Allah Resûlü’nün (s.a.v.) Adî b. Hatim’e söylediği: ”Ömrün vefa ederse, and olsun ki, adamın avuç dolusu altın ile çıkacağını göreceksin” sözleri, bu durumun pek yakın bir zamanda gerçekleşeceğini göstermektedir. Öyle ki Ashâb-ı Kiram’dan uzun yaşayan kimseler bunu görebilecektir. Nitekim bu durum, Ömer b. Abdülaziz (r.a.) döneminde gerçekleşmiştir.

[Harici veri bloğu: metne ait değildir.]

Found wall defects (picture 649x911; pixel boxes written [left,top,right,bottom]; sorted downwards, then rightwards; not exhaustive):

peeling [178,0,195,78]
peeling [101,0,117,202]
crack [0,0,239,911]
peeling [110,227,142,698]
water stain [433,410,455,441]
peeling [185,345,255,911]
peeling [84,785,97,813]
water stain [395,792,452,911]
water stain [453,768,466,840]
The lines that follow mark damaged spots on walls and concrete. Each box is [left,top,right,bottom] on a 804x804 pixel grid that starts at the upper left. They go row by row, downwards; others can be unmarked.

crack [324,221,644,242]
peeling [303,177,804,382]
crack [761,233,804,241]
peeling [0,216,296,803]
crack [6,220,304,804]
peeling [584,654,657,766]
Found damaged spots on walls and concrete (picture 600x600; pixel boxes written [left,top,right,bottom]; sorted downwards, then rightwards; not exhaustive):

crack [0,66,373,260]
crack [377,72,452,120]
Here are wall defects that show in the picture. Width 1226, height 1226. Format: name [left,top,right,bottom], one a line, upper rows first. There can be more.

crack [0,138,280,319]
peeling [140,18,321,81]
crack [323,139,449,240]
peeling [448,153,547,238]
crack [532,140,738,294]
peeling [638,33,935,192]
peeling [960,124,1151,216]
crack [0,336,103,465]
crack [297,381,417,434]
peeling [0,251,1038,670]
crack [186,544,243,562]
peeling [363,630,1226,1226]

Resûlullah’ın (s.a.v.) Müslüman ümmetinin bolluk ve zenginlikle karşılaşacağını haber veren hadisleri pek çoktur. Bunlardan birisi de şudur: “Sadaka veriniz, muhakkak öyle bir zaman gelecek ki, kişi sadakasını alarak yola koyulacak, onu alacak kimse bulamayacak. Adam: ”Dün bu sadakanı getirmiş olsaydın onu kabul edebilirdim, fakat bugün benim bu sadakaya ihtiyacım yoktur” diyecek. (İbn Hacer el-Askalânî, Fethu ’l-Bârî, c. III, s. 181.)

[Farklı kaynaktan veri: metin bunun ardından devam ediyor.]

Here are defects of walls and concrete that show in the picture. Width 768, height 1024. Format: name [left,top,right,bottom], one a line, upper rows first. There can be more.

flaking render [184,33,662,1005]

İslâm’ın adalet anlayışı ve yönetimin başındakilerin güvenirliği sayesinde refah, bolluk ve zenginlik öyle bir sınıra ulaşmıştı ki her hak sahibi devlet hazinesindeki hakkını şikâyet etmeden, istemeden ve haksızlığa uğramadan alabiliyordu. Aynı şekilde her borçlu borcunu ödeyince bekârlar evleniyor ve toplumda evlenemeyen kimse kalmıyordu. (bkz. Aynî, Umdetu’l-Kârî, c. XVI, s. 135.)

İslam toprakları Ömer b. Abdülaziz döneminden önce bile, İslam adaletiyle mutluluğa kavuşmuş ve o topraklarda mallar dolup taşmıştı. Bu durum, Ömer b. el-Hattab (r.a.) döneminde gerçekleşmişti. Resûlullah’ın (s.a.v.) Yemen’e gönderdiği ve ondan sonra da Hz. Ebubekir (r.a.) ve Ömer’in (r.a) de aynı görevde bıraktığı Muaz b. Cebel (r.a.), İslâm’ın egemenliğinden birkaç sene sonra, orada zekât alacak tek bir kişi bulamayacak hâle gelmişti. Bu sebeple, topladığı zekâtı İslâm halifeliğinin merkezi Medine’deki Hz. Ömer’e (r.a.) göndermişti.

Muaz (r.a.) topladığı zekâtın üçte birini halifeye gönderince, Hz. Ömer (r.a.) tepki göstererek: “Ben seni ne vergi tahsildarı ne de cizye alan bir kişi olarak gönderdim. Ben seni insanların zenginlerinden alıp onu fakirlerine veresin diye gönderdim.” Muaz (r.a.) ise “Ben o malı benden alacak kimse bulamadığım için sana gönderdim” dedi. Ertesi sene Muaz (r.a.), ona zekâtın yarısını gönderdi. Bir önceki gibi birbirleri ile mektuplaştılar. Üçüncü sene Muaz (r.a.) ona zekâtın tamamını gönderdi. Hz. Ömer (r.a.) yine daha önce ona söylediklerini söyleyince, Muaz (r.a.) da ”Benden bir şey alacak hiçbir kimse bulamadım, diye cevap verdi.” (bk. Ebû Ubeyd Kasım b. Sellâm, el-Emvâl, s. 596)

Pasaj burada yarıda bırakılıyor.